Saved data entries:
[Start of Attachment]

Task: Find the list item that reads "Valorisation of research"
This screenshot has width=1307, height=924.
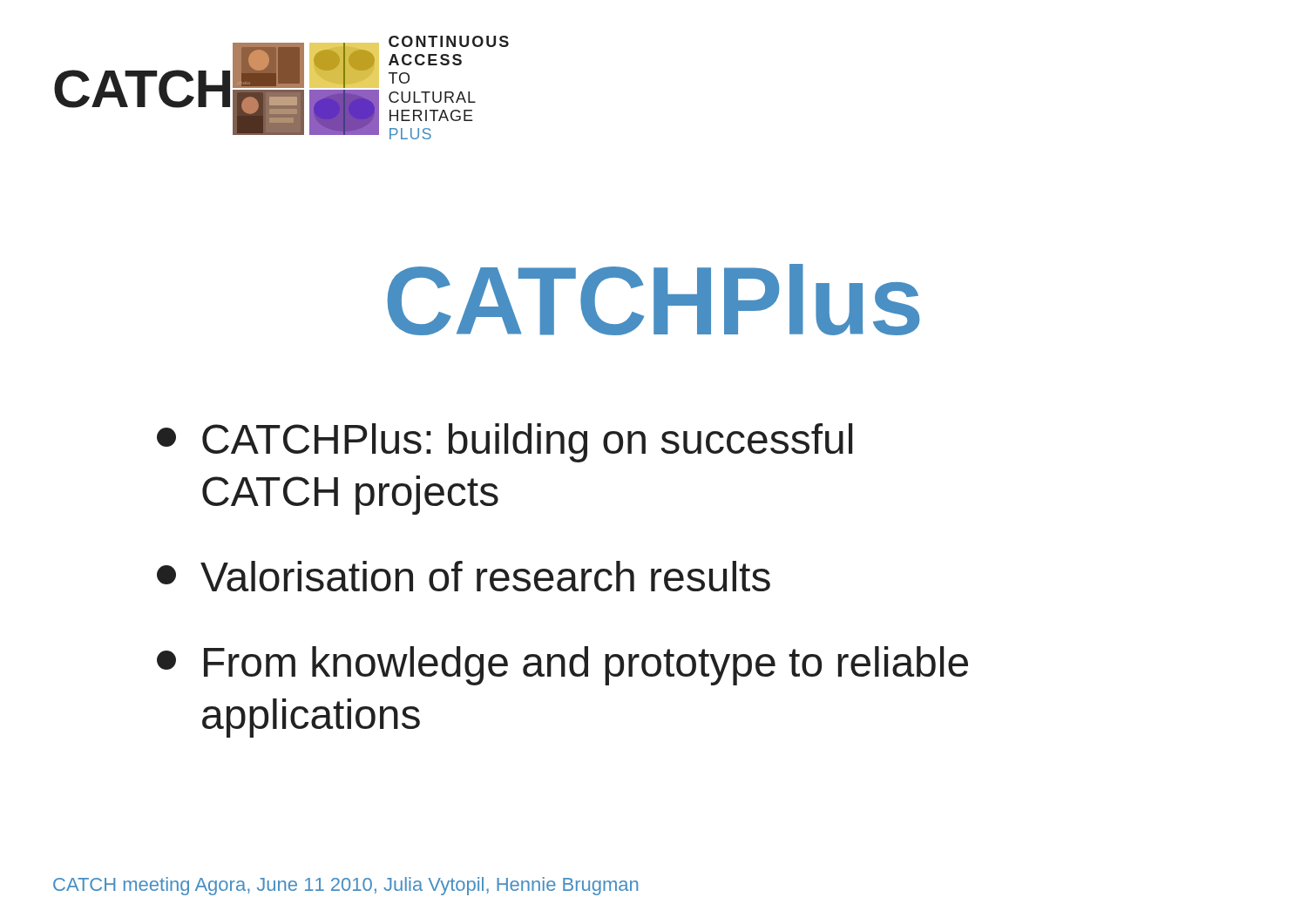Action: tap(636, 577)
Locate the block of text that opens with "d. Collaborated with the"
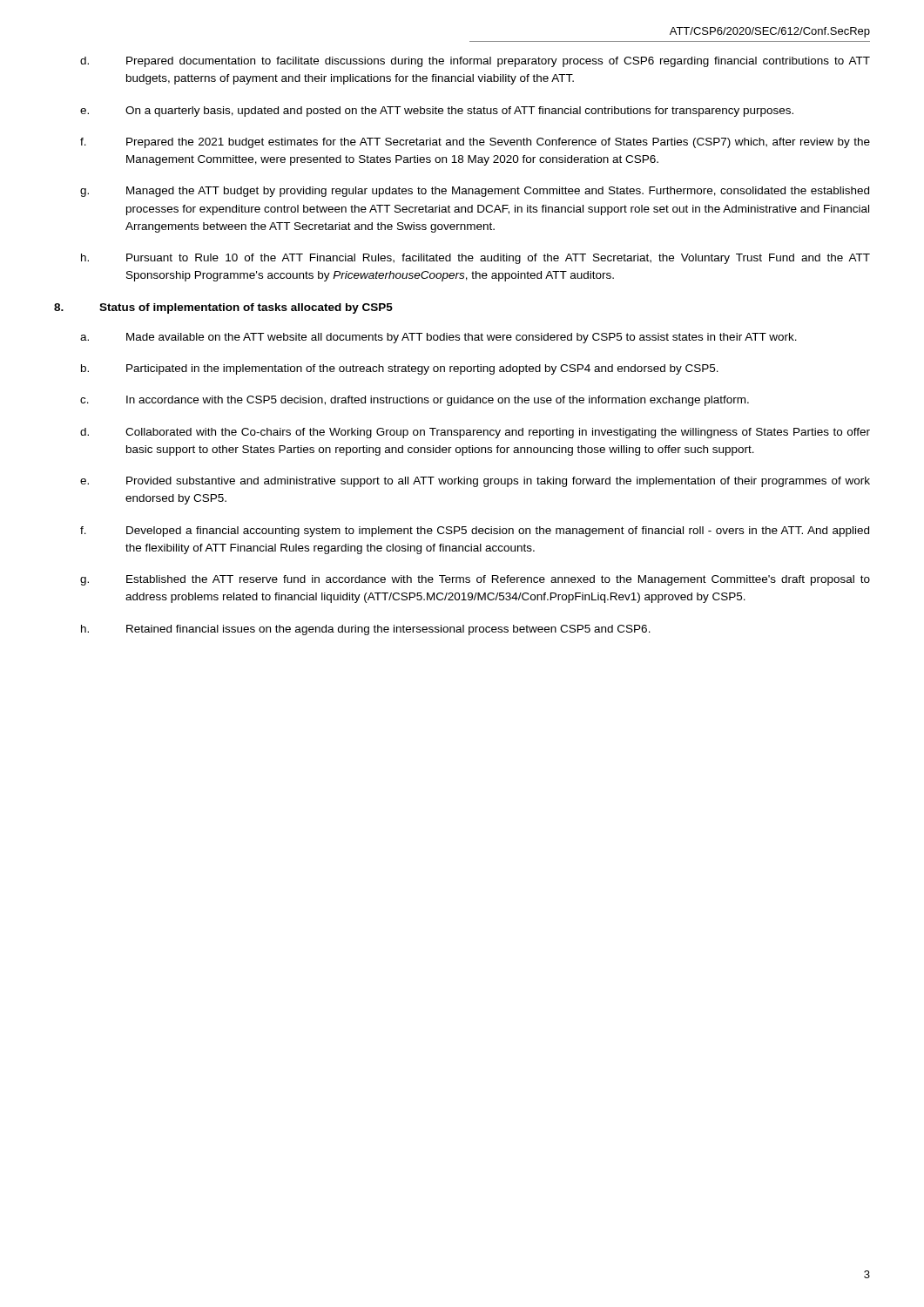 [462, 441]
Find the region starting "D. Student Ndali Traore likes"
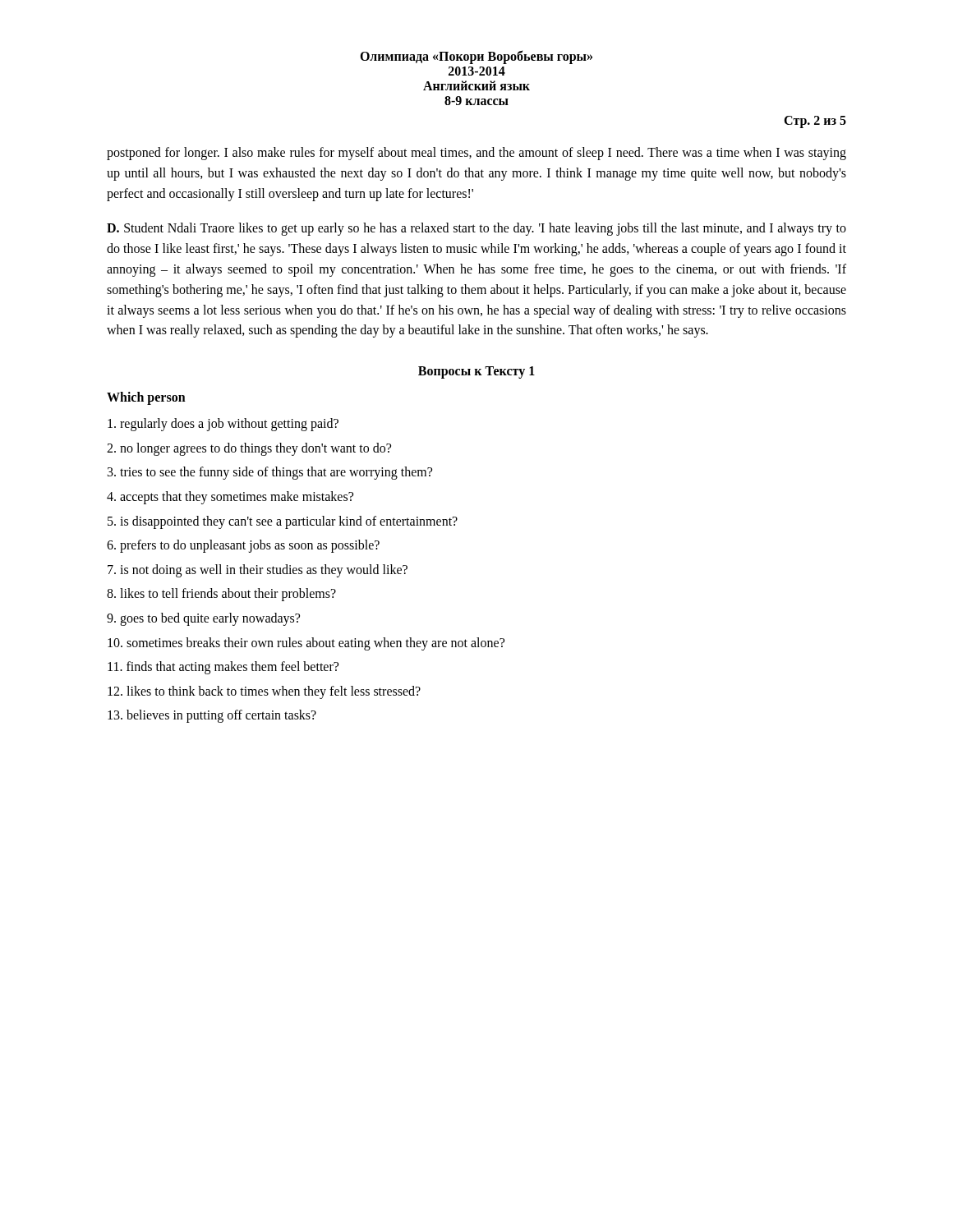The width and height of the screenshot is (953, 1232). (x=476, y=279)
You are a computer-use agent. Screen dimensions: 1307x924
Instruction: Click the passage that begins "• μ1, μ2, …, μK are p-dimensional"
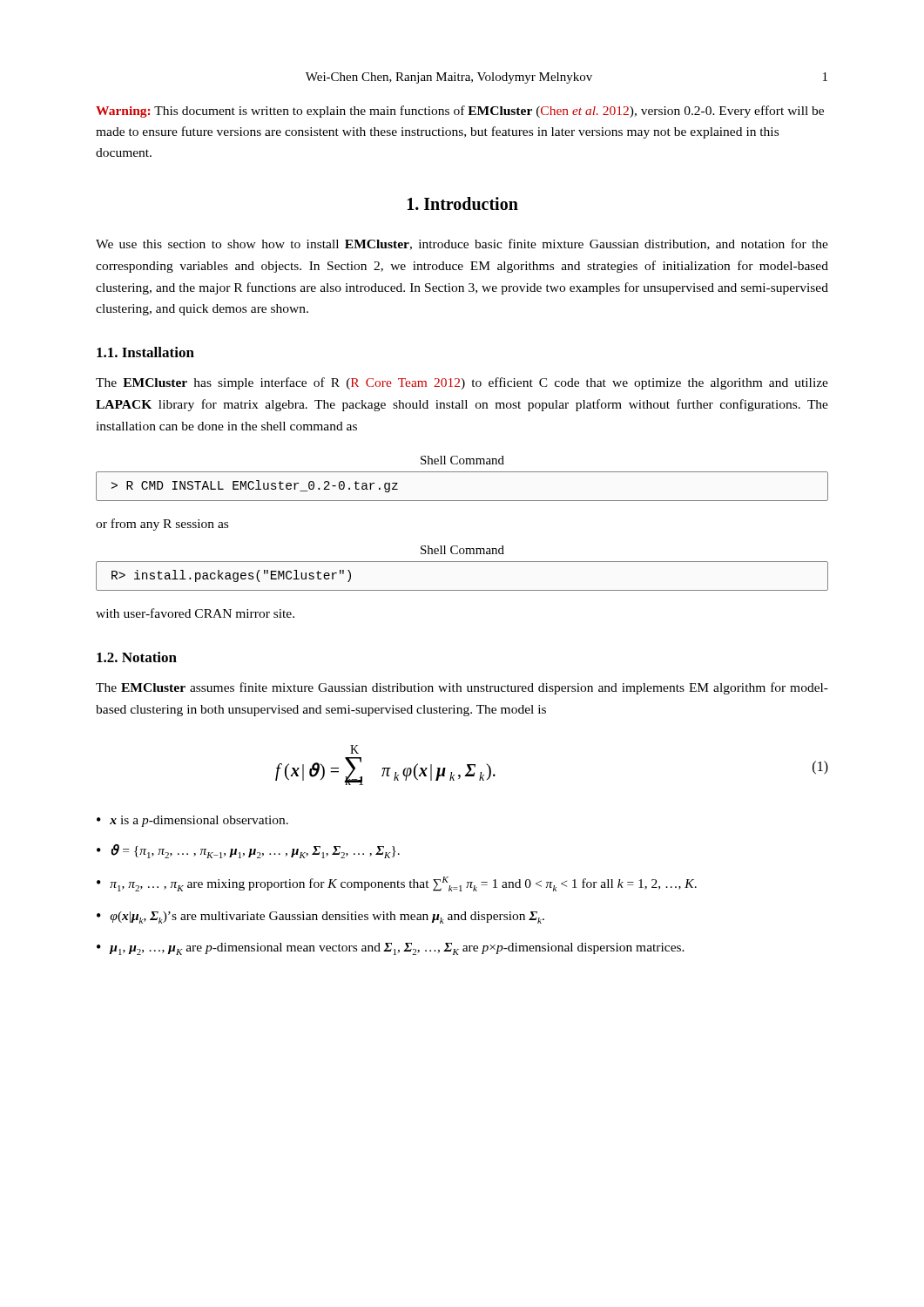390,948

[End of Attachment]
[Start of Attachment]

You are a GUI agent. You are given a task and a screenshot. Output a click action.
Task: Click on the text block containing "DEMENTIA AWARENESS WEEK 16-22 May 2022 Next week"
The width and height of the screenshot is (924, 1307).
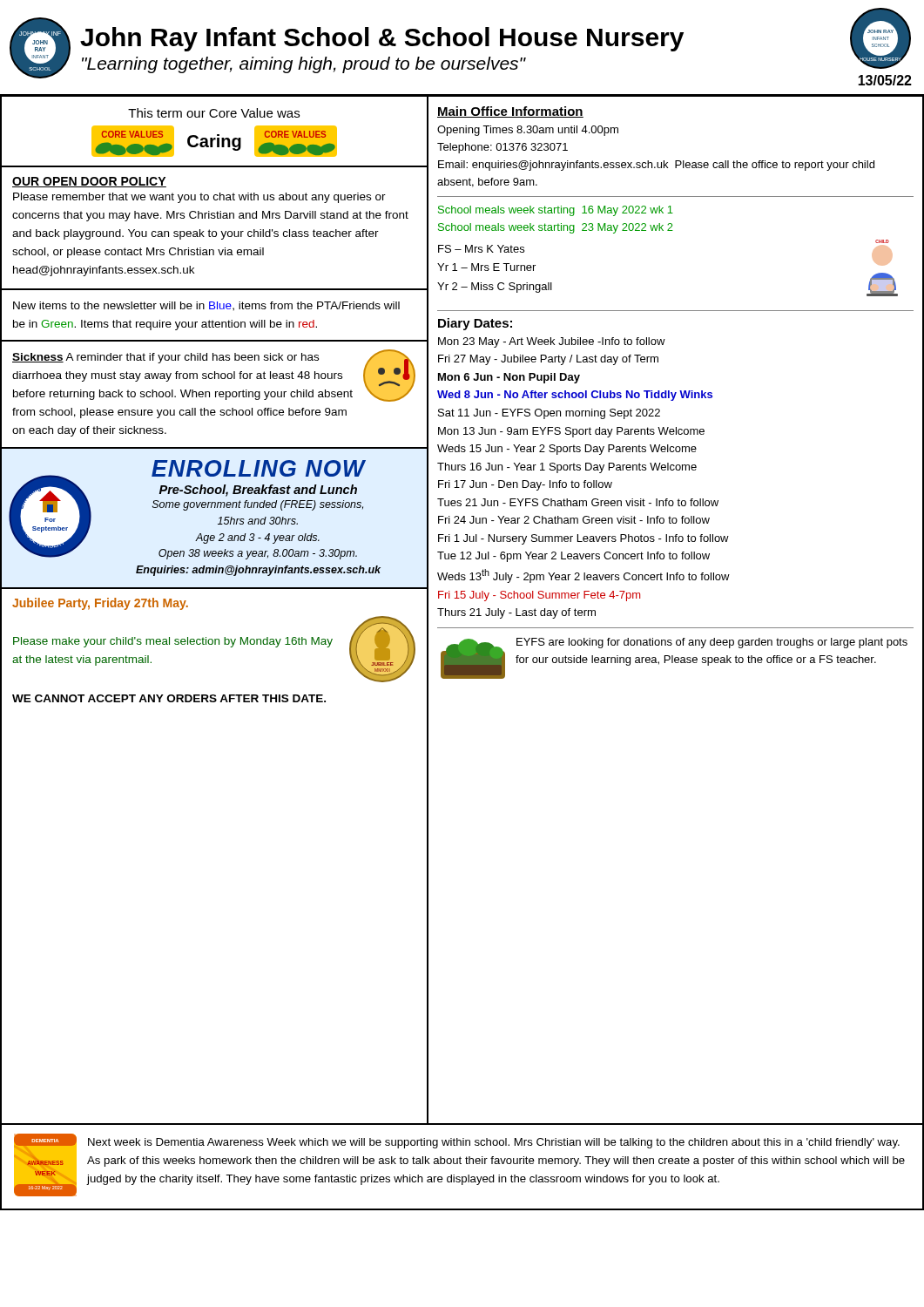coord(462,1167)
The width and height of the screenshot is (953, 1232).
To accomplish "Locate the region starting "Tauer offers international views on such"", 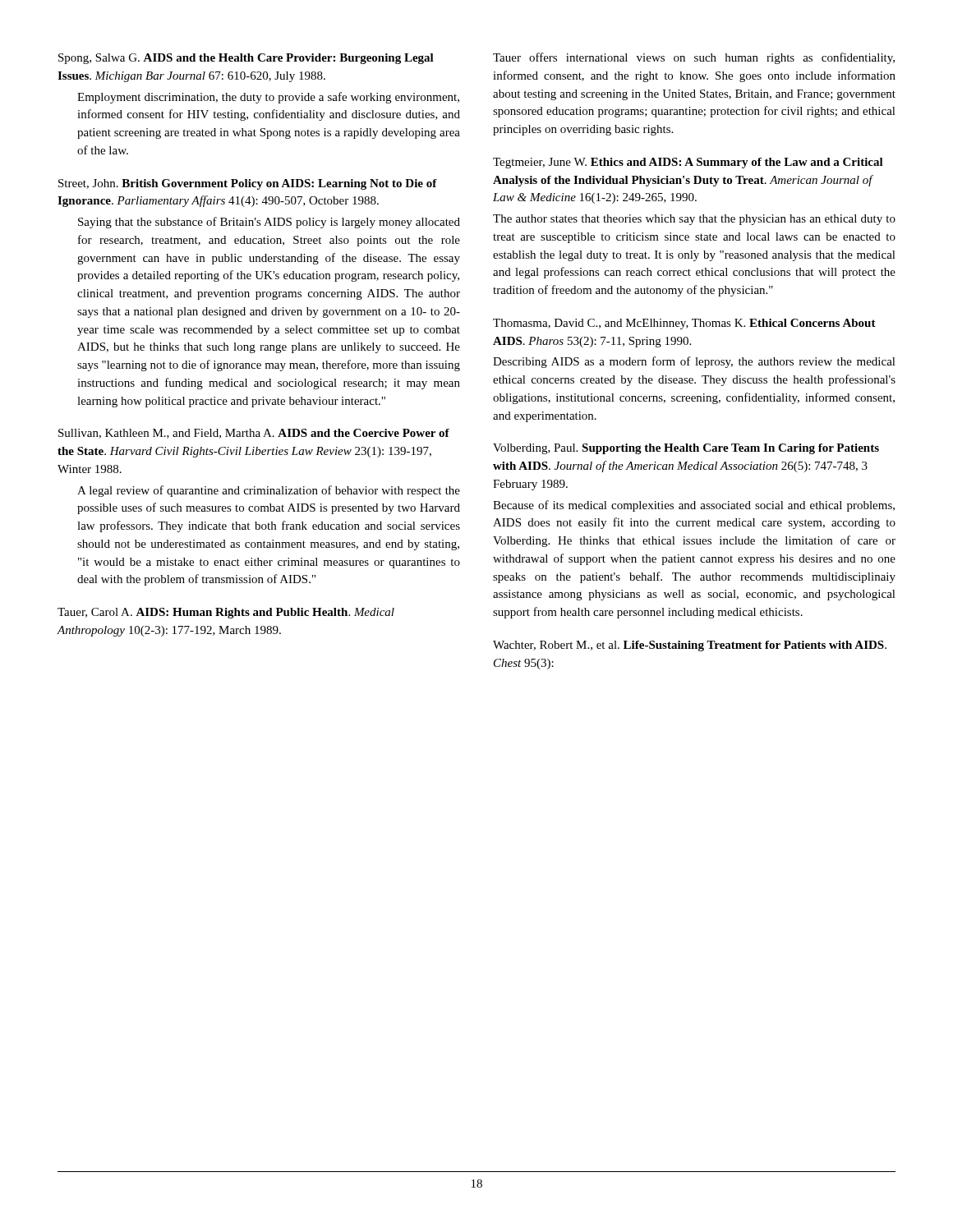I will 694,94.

[End of Attachment]

## Problem to solve
Lines with the string "agent" in the data above: say how many there are, giving the number alone.

## Solution to this exercise
2